If you wish to work with .fasta files of the inferred genotypes after calling DADA, you can call the included MATLAB script bin2fasta.m. This takes as its input the location of a folder of .mat files produced by DADA and creates .fasta files of the inferred genotypes, placing the abundance of each sequence in its header. If you want all genotypes output to a single file called 'all.fasta', you call it as

bin2fasta('inFolder')

you can also output a single .uniques file for each file, which you would achieve by calling

bin2fasta('inFolder','fasta',false)

omegaA_rejoin.m

takes a folder of .mat files produced by dada and returns a vector of approximate omegaA values that would be required for each cluster to be reabsorbed into some other cluster. Making a histogram of these is a good way to see whether the results are likely to be sensitive to the choice of the omegaA parameter, and if more conservative values ought to be used.
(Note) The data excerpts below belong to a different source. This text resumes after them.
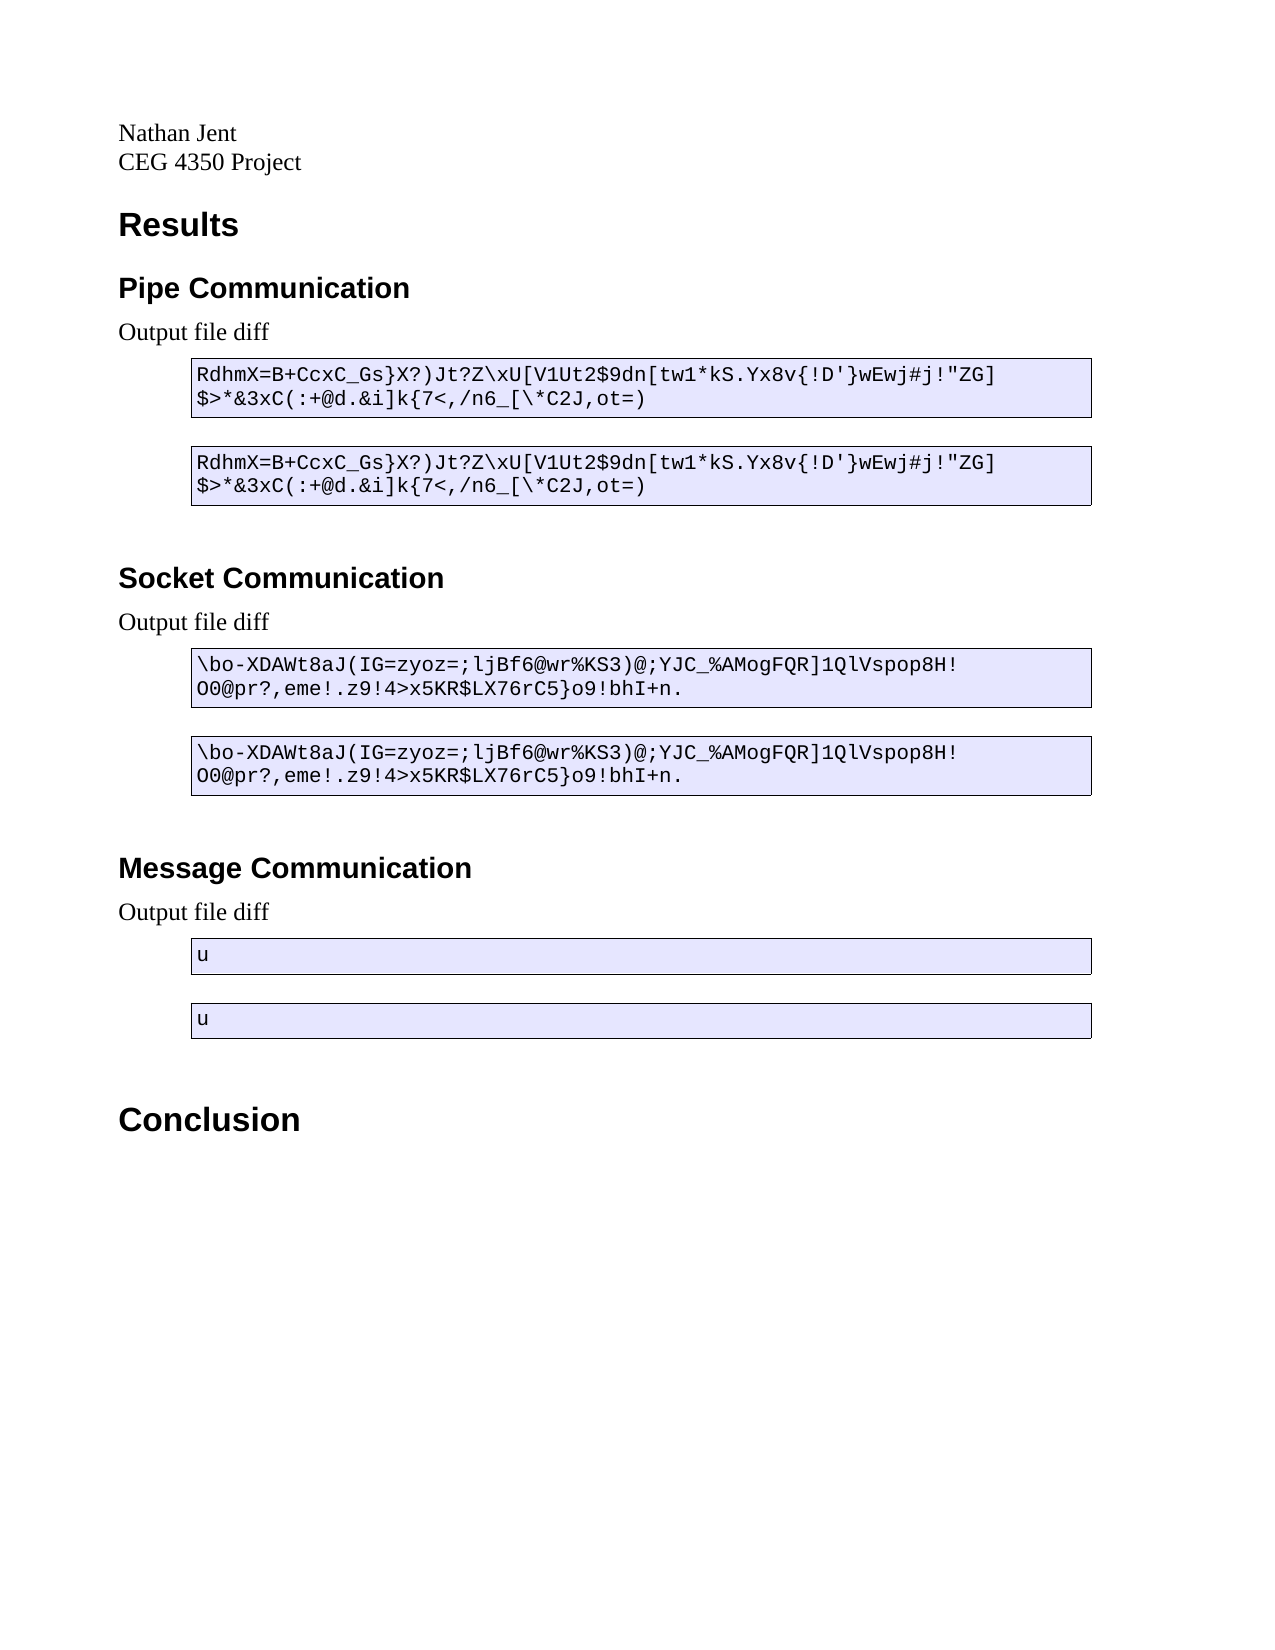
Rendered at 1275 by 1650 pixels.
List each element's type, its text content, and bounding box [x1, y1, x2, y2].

subtitle Results [118, 205, 1157, 244]
subtitle Pipe Communication [118, 271, 1157, 304]
text Output file diff [118, 897, 1157, 926]
table_header RdhmX=B+CcxC_Gs}X?)Jt?Z\xU[V1Ut2$9dn[tw1*kS.Yx8v{!D'}wEwj#j!"ZG]$>*&3xC(:+@d.&i]k{7<,/n6_[\*C2J,ot=) [192, 359, 1091, 417]
subtitle Socket Communication [118, 561, 1157, 594]
table_header RdhmX=B+CcxC_Gs}X?)Jt?Z\xU[V1Ut2$9dn[tw1*kS.Yx8v{!D'}wEwj#j!"ZG]$>*&3xC(:+@d.&i]k{7<,/n6_[\*C2J,ot=) [192, 447, 1091, 505]
table_header \bo-XDAWt8aJ(IG=zyoz=;ljBf6@wr%KS3)@;YJC_%AMogFQR]1QlVspop8H!O0@pr?,eme!.z9!4>x5KR$LX76rC5}o9!bhI+n. [192, 737, 1091, 795]
table_header u [192, 939, 1091, 973]
subtitle Message Communication [118, 851, 1157, 884]
table_header u [192, 1004, 1091, 1038]
text Output file diff [118, 317, 1157, 346]
subtitle Conclusion [118, 1100, 1157, 1138]
text Output file diff [118, 607, 1157, 636]
table_header \bo-XDAWt8aJ(IG=zyoz=;ljBf6@wr%KS3)@;YJC_%AMogFQR]1QlVspop8H!O0@pr?,eme!.z9!4>x5KR$LX76rC5}o9!bhI+n. [192, 649, 1091, 707]
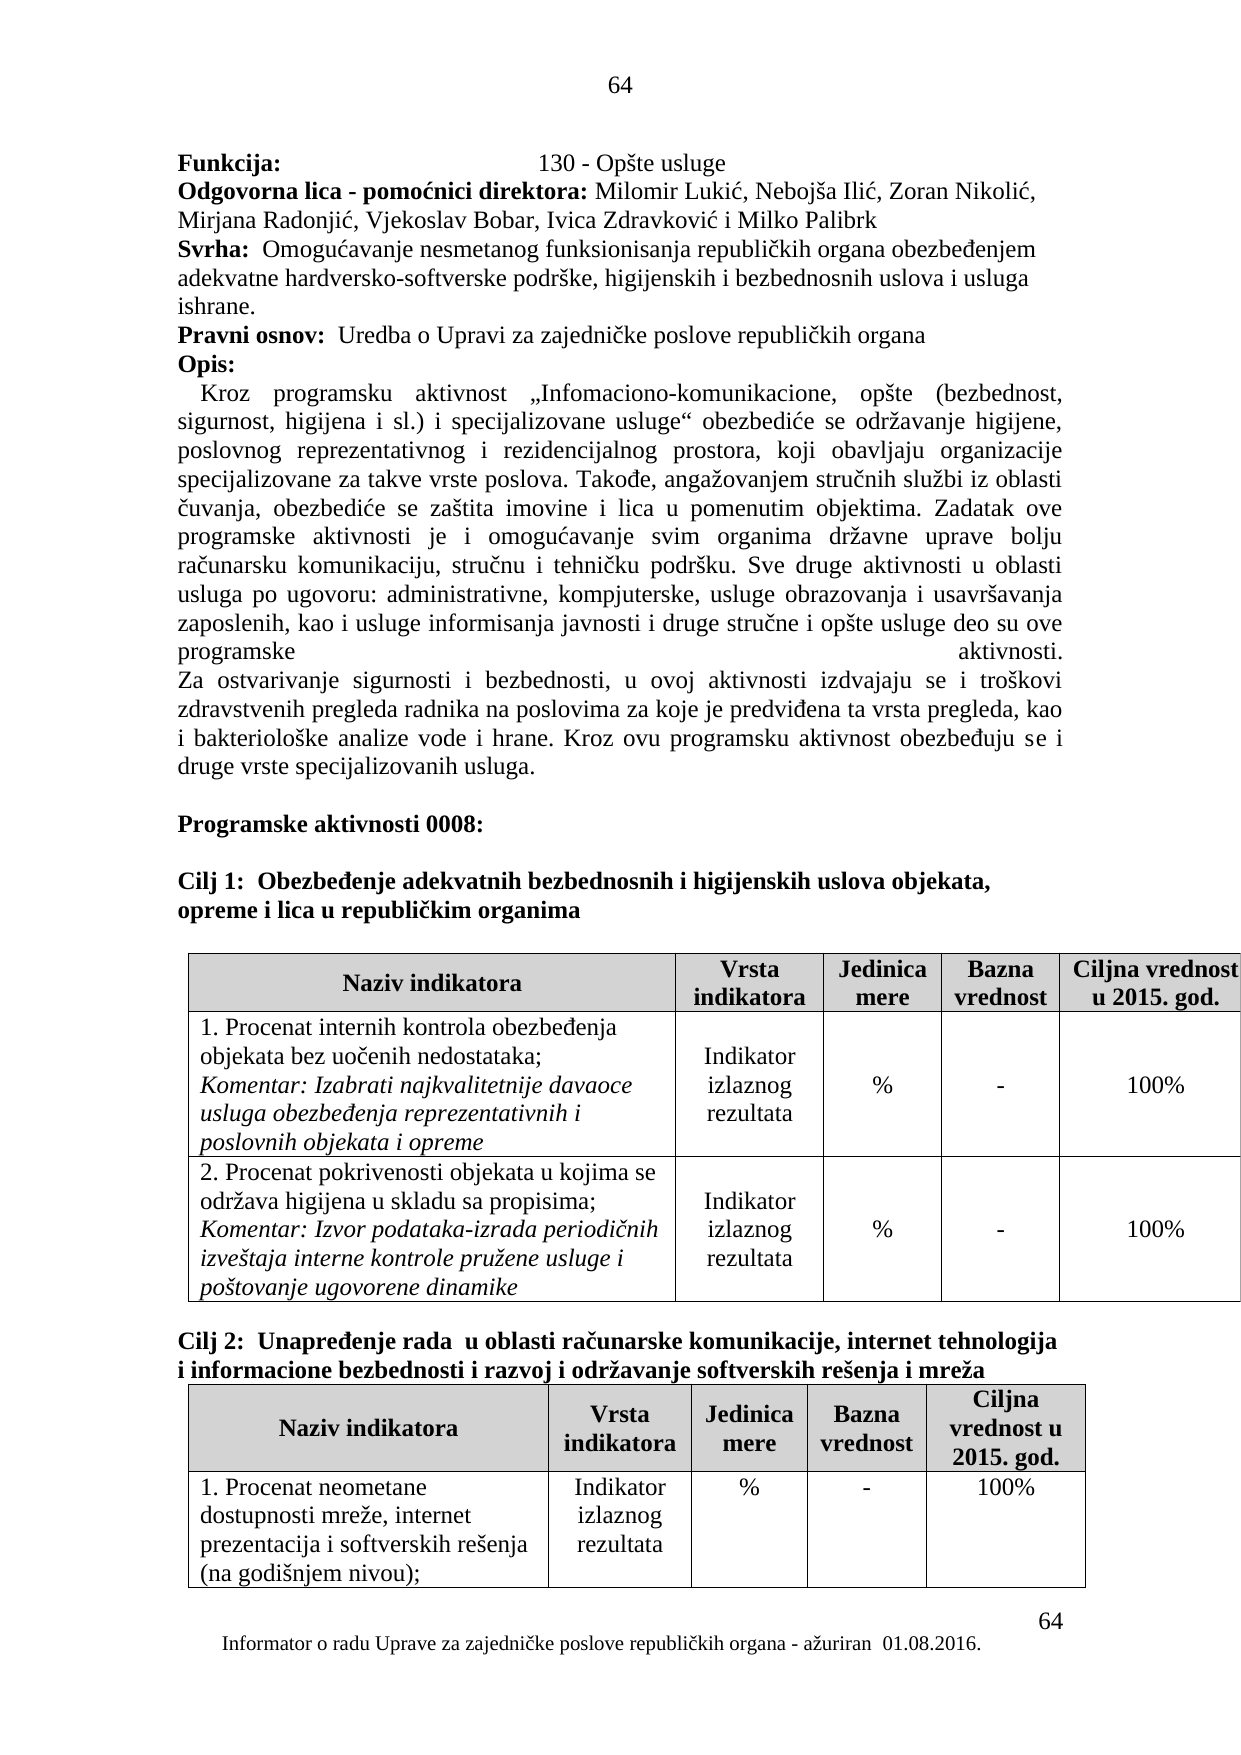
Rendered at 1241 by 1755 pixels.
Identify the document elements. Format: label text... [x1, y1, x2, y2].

These p-values are determined for the scenario that the reads of the reads of the error-free family of a given cluster were all errors away from some other cluster (for which all associated reads are included).

discrimPlot.m

shows a discrimination plot of the type shown in the DADA paper. Its arguments are:

  1. omegaA
  2. omegaR
  3. 4x4 matrix of context-independent error probabilities
  4. the number of reads in a cluster
  5. a 1x4 vector of the base composition of the sample genotype for a cluster
  6. the number of families in this cluster

For example,

discrimPlot(.01,.01,ERRa,5000,[50 50 50 50],1000)

where ERRa came from the ERR.mat file of the final round of clustering for your data set. Because of the way the effective Hamming distance is defined (see the DADA paper), everything above the curved line or to the right of the vertical line would be rejected as an error by DADA at the given significance levels if the x-axis is interpreted as a true Hamming distance, so this plot will show you the minimum resolution DADA was able to achieve at the provided significance level. If you want finer resolution than this, you can run the algorithm again with one or the other significance level changed, but you may have to accept additional false positives in the process.

A call for open-sourcing?

DADA itself is, for now, implemented in MATLAB. If you feel strongly, for philosophical or practical reasons, that it should be implemented in an open source language like C, let us know (and what your reasons are)!

Software License

DADA is licensed under the GPL v3; you may edit the code and share your edited code, but you may not sell the code and must maintain the license if you do distribute it.